::: INFORMATION SUPPLIED :::
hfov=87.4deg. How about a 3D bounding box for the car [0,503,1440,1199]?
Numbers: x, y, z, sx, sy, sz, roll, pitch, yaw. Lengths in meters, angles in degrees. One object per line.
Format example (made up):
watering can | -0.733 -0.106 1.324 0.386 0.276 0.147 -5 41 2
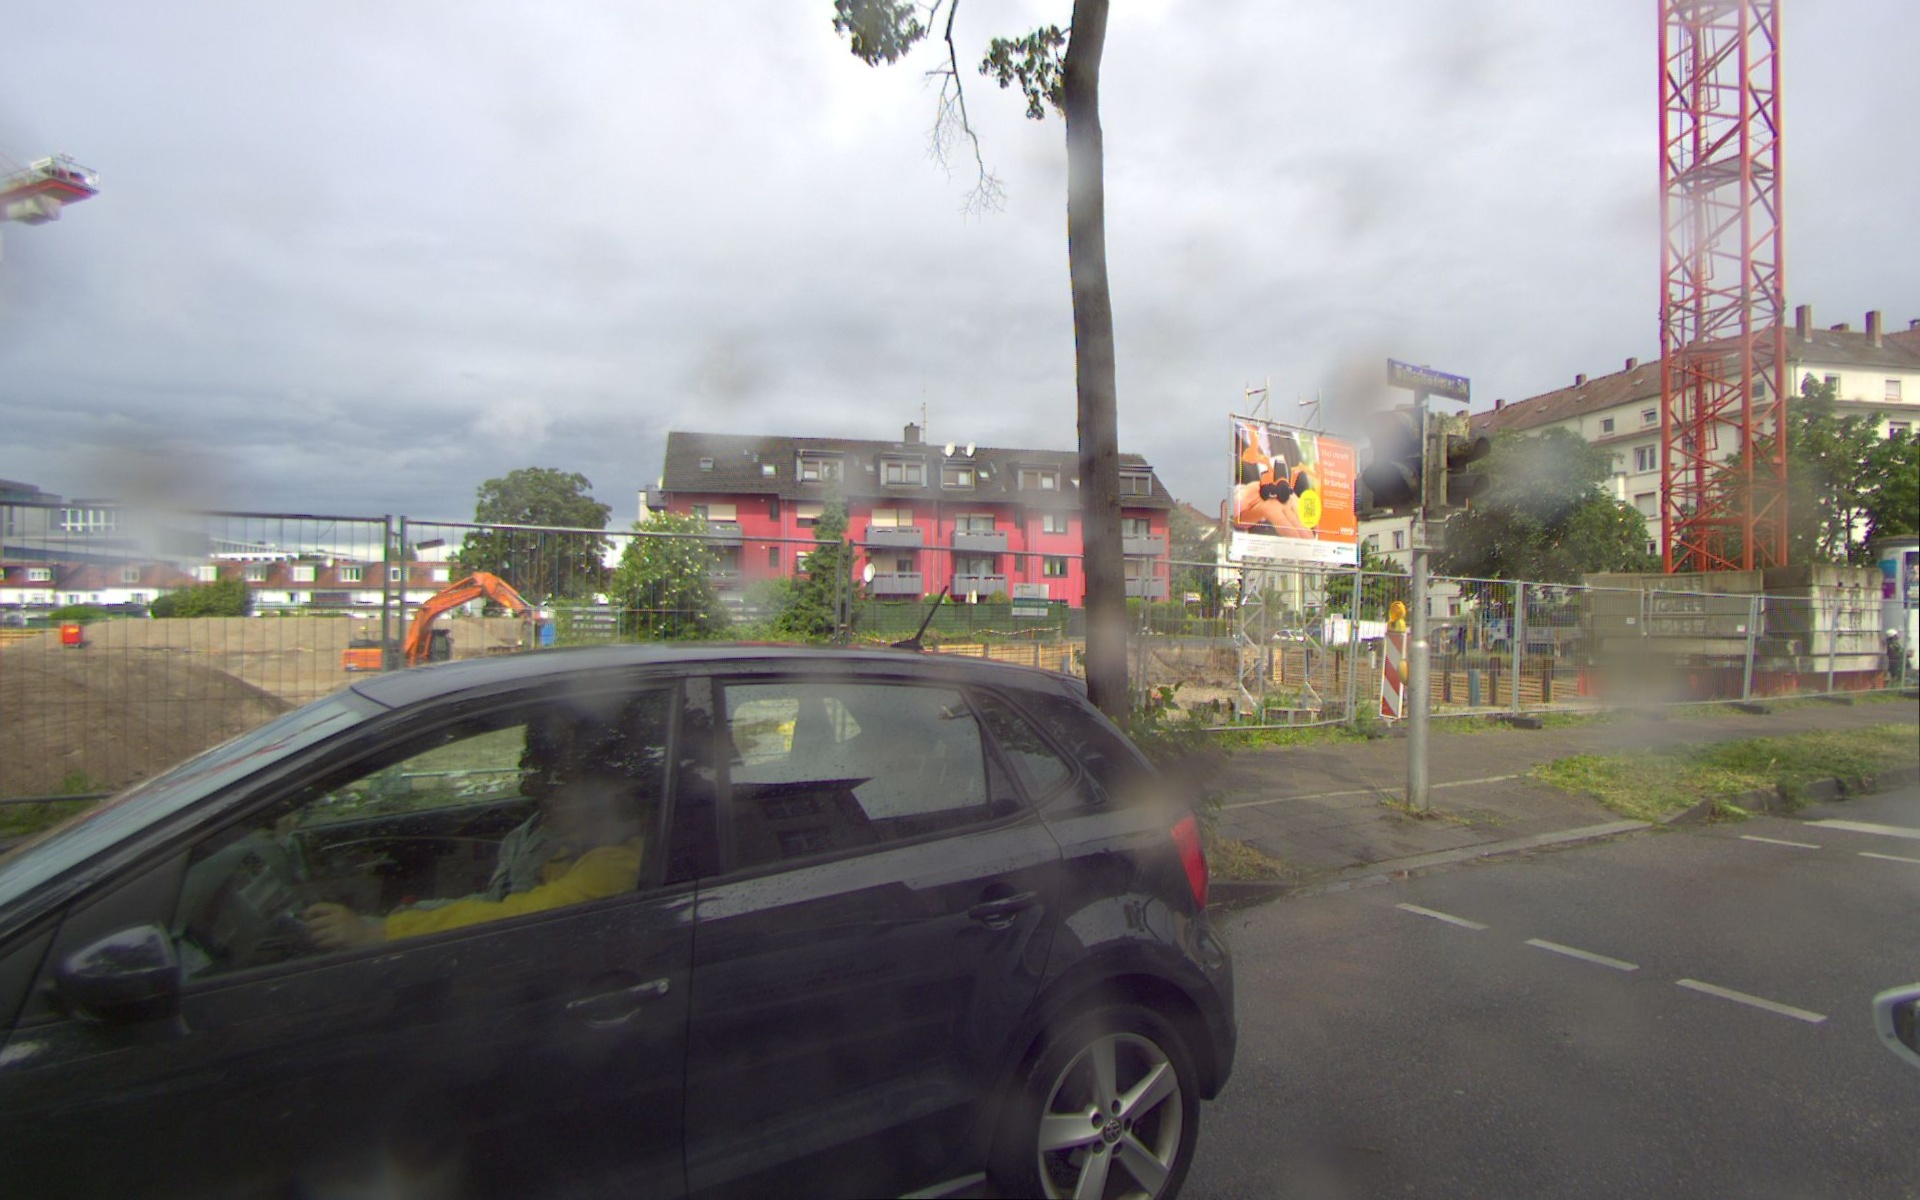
:::
» **PROBLEM DETAILS**
Leaving the pictures out, transcribe word for word the lines from the one with "Numbers: x, y, z, sx, sy, sz, roll, pitch, yaw." to the end of the material above, inclusive, and nothing else.

» **OUTPUT FOR THIS TASK**
Numbers: x, y, z, sx, sy, sz, roll, pitch, yaw. Lengths in meters, angles in degrees. One object per line.
Format example (made up):
watering can | -0.733 -0.106 1.324 0.386 0.276 0.147 -5 41 2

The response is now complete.